• **WHAT THIS TASK INVOLVES**: Nothing but the lines from the one containing "Answer: 5 What" through the one containing "Answer: 288.89% On", both included, should be given again, each exactly as written below.

DATA LISTING Start Marker

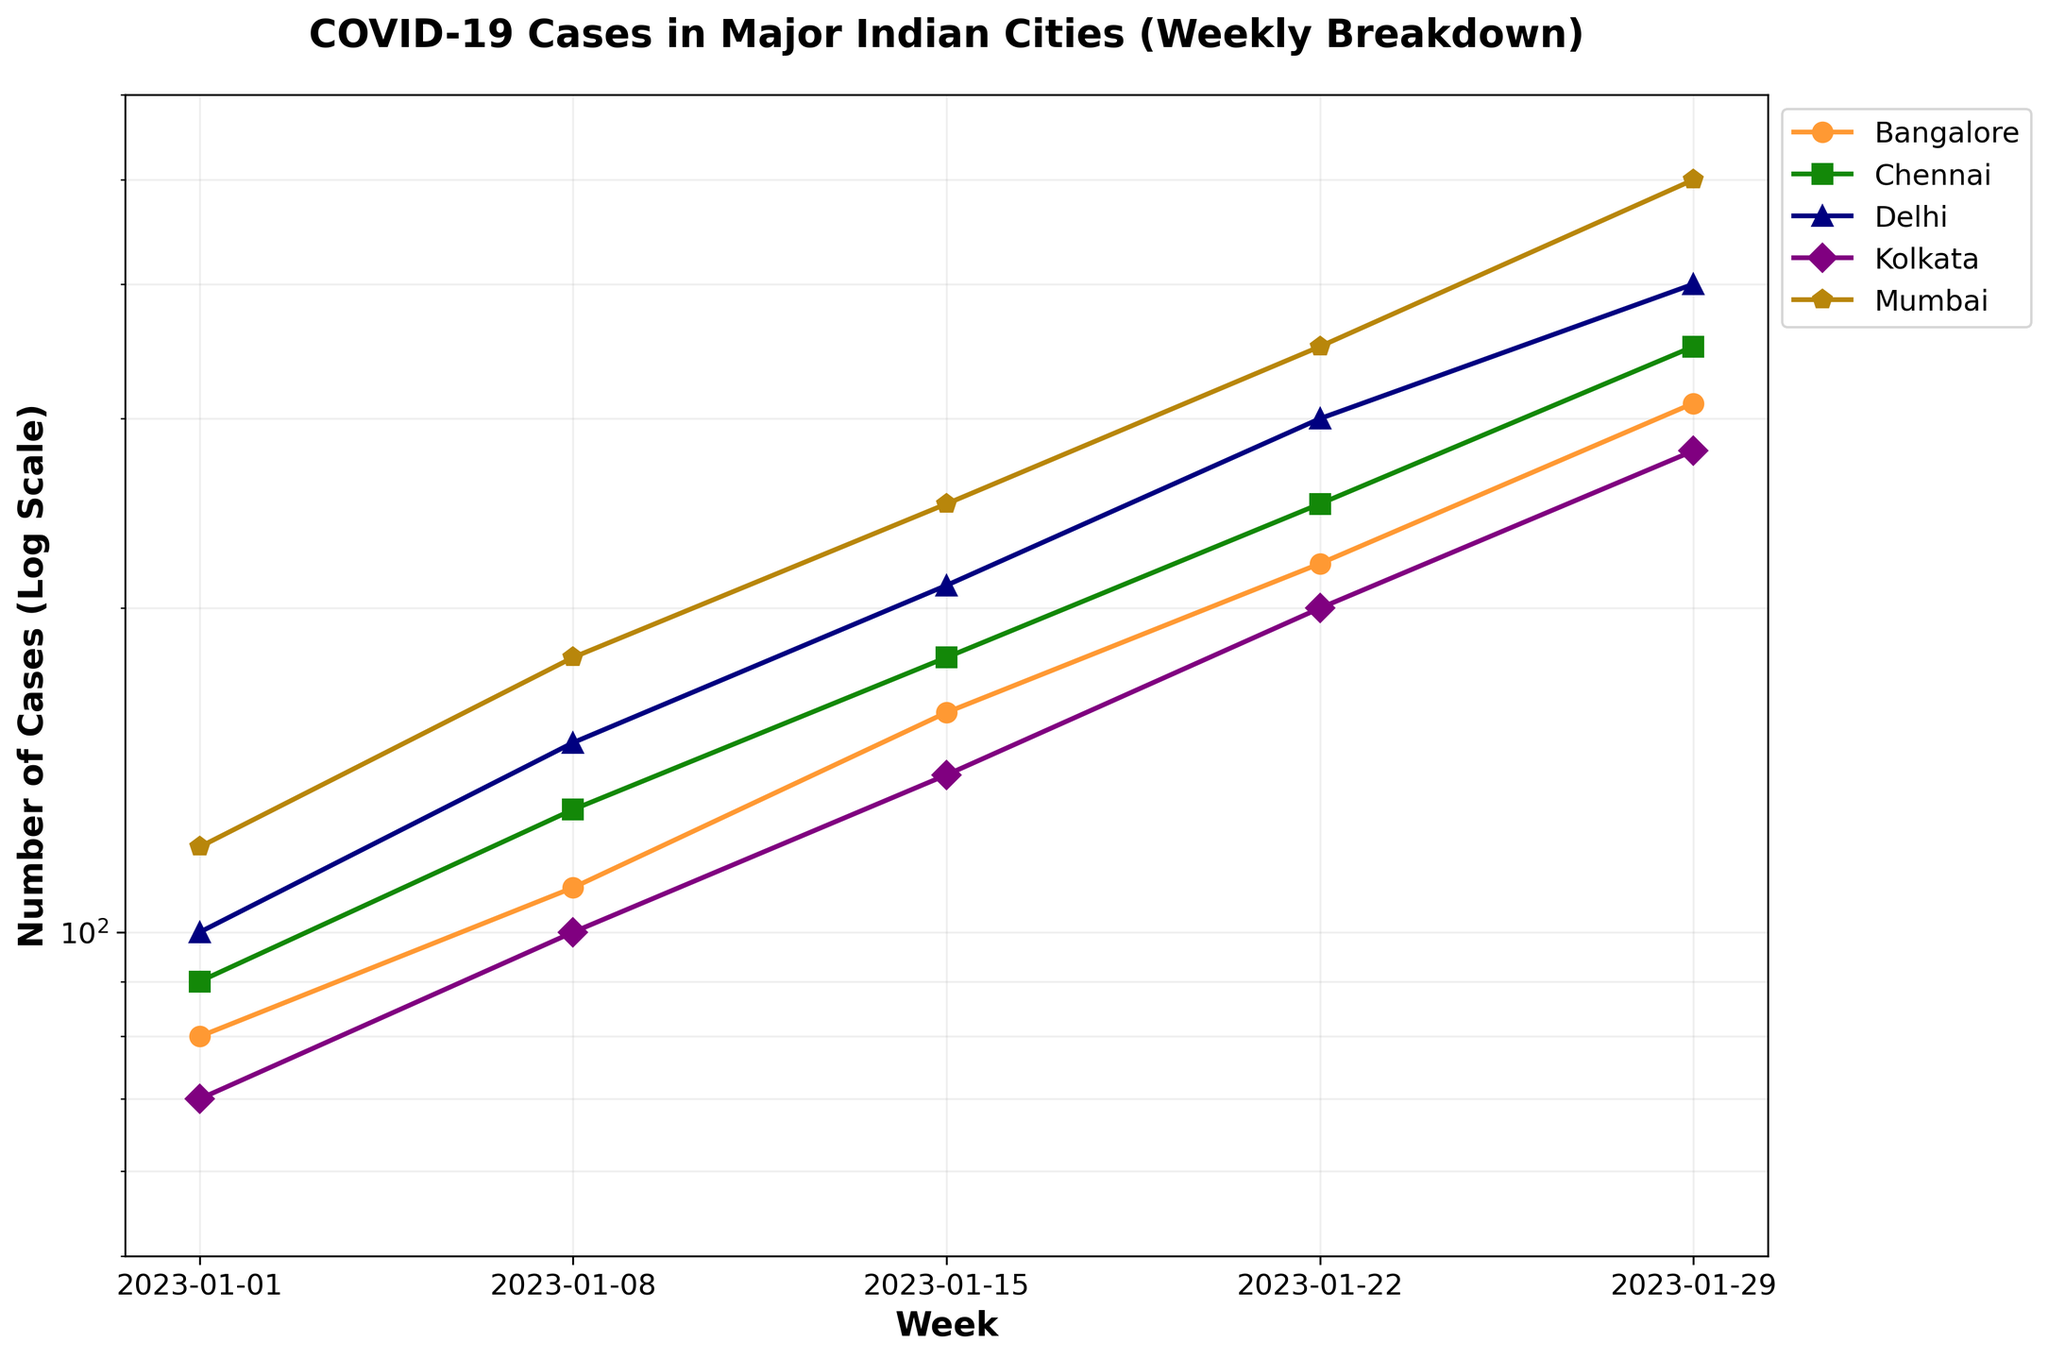How many cities are included in the plot? The legend in the plot shows names of all the cities represented as lines in different colors. By counting these names, the number of cities is determined.
Answer: 5 What is the title of the plot? The title is located at the top center of the plot and it summarizes the contents of the figure.
Answer: COVID-19 Cases in Major Indian Cities (Weekly Breakdown) Which city has the highest number of cases during the last week? Look at the final data points for each city's line on the furthest right side of the plot and compare their values. Mumbai shows the highest value during the last week.
Answer: Mumbai How does the trend of cases in Kolkata compare to other cities over time? By observing the slope and positioning of Kolkata's line relative to other cities, one can see the overall pattern and rate of increase. Kolkata shows a steady rise but has the lowest number among the cities by the end.
Answer: Steady rise, lowest overall Which city shows the steepest increase in cases? By comparing the steepness or angle of ascent of each city's line, you can determine which has the fastest rate of increase. Mumbai and Delhi seem to have the steepest increases.
Answer: Mumbai Which city had the lowest number of cases at the beginning of January 2023? Assess the initial data points (starting at the leftmost side of the plot) for each city and identify the smallest value. Kolkata has the lowest number initially.
Answer: Kolkata Calculate the percentage increase in cases for Chennai from the first to the last week. First calculate the difference in the number of cases from the first (90) to the last week (350). Then, use the formula: ((Final - Initial) / Initial) * 100 to find the percentage increase. ((350 - 90) / 90) * 100 = 288.89%
Answer: 288.89% On the log scale, what is the smallest value displayed on the y-axis? Read the minimum value indicated on the y-axis, which is part of the log scale commonly formatted in powers of 10. The smallest value is around 50.
Answer: 50 Compare the overall trends of Bangalore and Chennai. Are they similar or different? Examine the lines for Bangalore and Chennai on the plot to see if their shapes or rates of increase are comparable. Both show increasing trends, but the rates and final values differ, with Chennai having higher values.
Answer: Different 
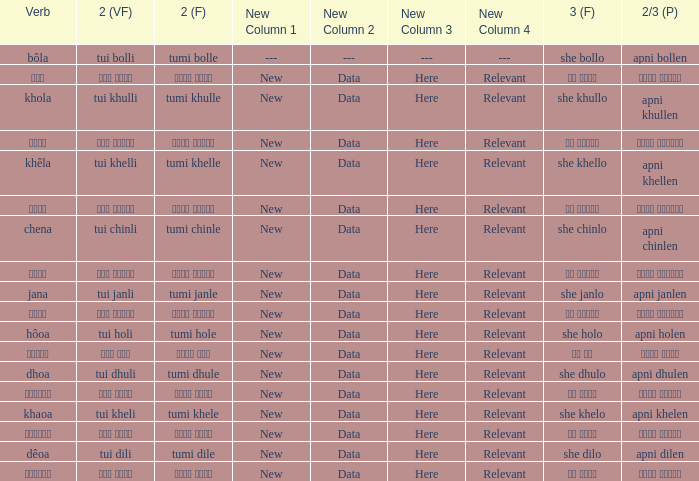What is the 2nd verb for Khola? Tumi khulle. 
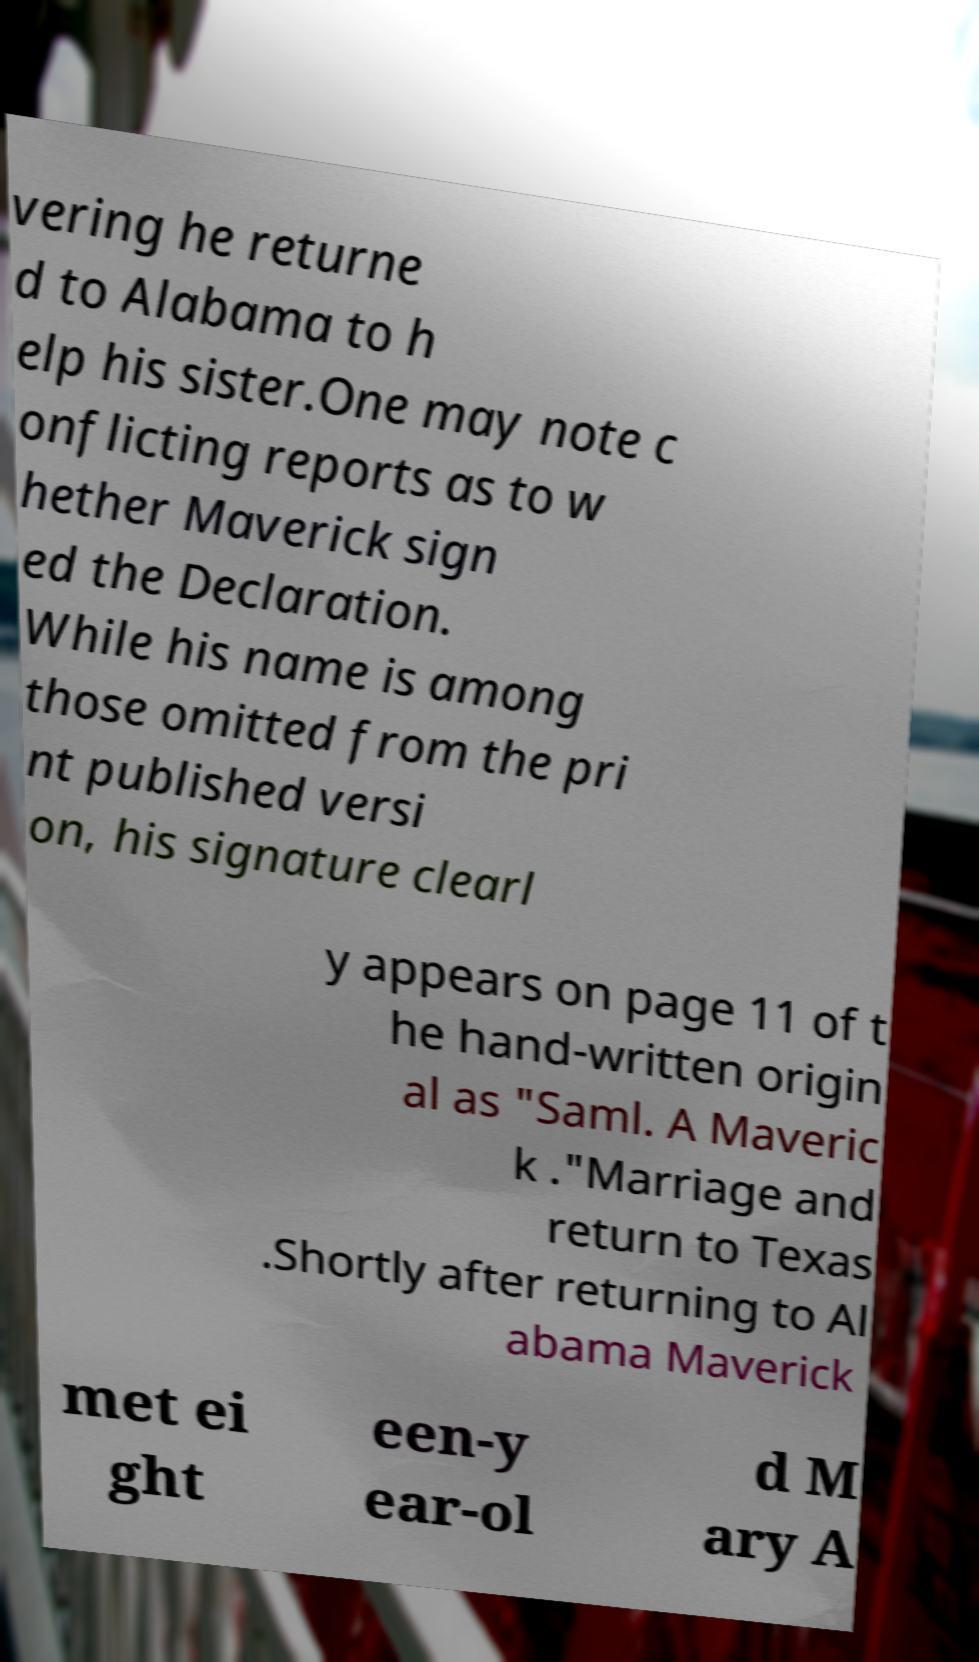Can you read and provide the text displayed in the image?This photo seems to have some interesting text. Can you extract and type it out for me? vering he returne d to Alabama to h elp his sister.One may note c onflicting reports as to w hether Maverick sign ed the Declaration. While his name is among those omitted from the pri nt published versi on, his signature clearl y appears on page 11 of t he hand-written origin al as "Saml. A Maveric k ."Marriage and return to Texas .Shortly after returning to Al abama Maverick met ei ght een-y ear-ol d M ary A

DATA LISTING End Marker

• **OUTPUT OF THE TASK**:
Answer: 5 What is the title of the plot? The title is located at the top center of the plot and it summarizes the contents of the figure.
Answer: COVID-19 Cases in Major Indian Cities (Weekly Breakdown) Which city has the highest number of cases during the last week? Look at the final data points for each city's line on the furthest right side of the plot and compare their values. Mumbai shows the highest value during the last week.
Answer: Mumbai How does the trend of cases in Kolkata compare to other cities over time? By observing the slope and positioning of Kolkata's line relative to other cities, one can see the overall pattern and rate of increase. Kolkata shows a steady rise but has the lowest number among the cities by the end.
Answer: Steady rise, lowest overall Which city shows the steepest increase in cases? By comparing the steepness or angle of ascent of each city's line, you can determine which has the fastest rate of increase. Mumbai and Delhi seem to have the steepest increases.
Answer: Mumbai Which city had the lowest number of cases at the beginning of January 2023? Assess the initial data points (starting at the leftmost side of the plot) for each city and identify the smallest value. Kolkata has the lowest number initially.
Answer: Kolkata Calculate the percentage increase in cases for Chennai from the first to the last week. First calculate the difference in the number of cases from the first (90) to the last week (350). Then, use the formula: ((Final - Initial) / Initial) * 100 to find the percentage increase. ((350 - 90) / 90) * 100 = 288.89%
Answer: 288.89% On the log scale, what is the smallest value displayed on the y-axis? Read the minimum value indicated on the y-axis, which is part of the log scale commonly formatted in powers of 10. The smallest value is around 50.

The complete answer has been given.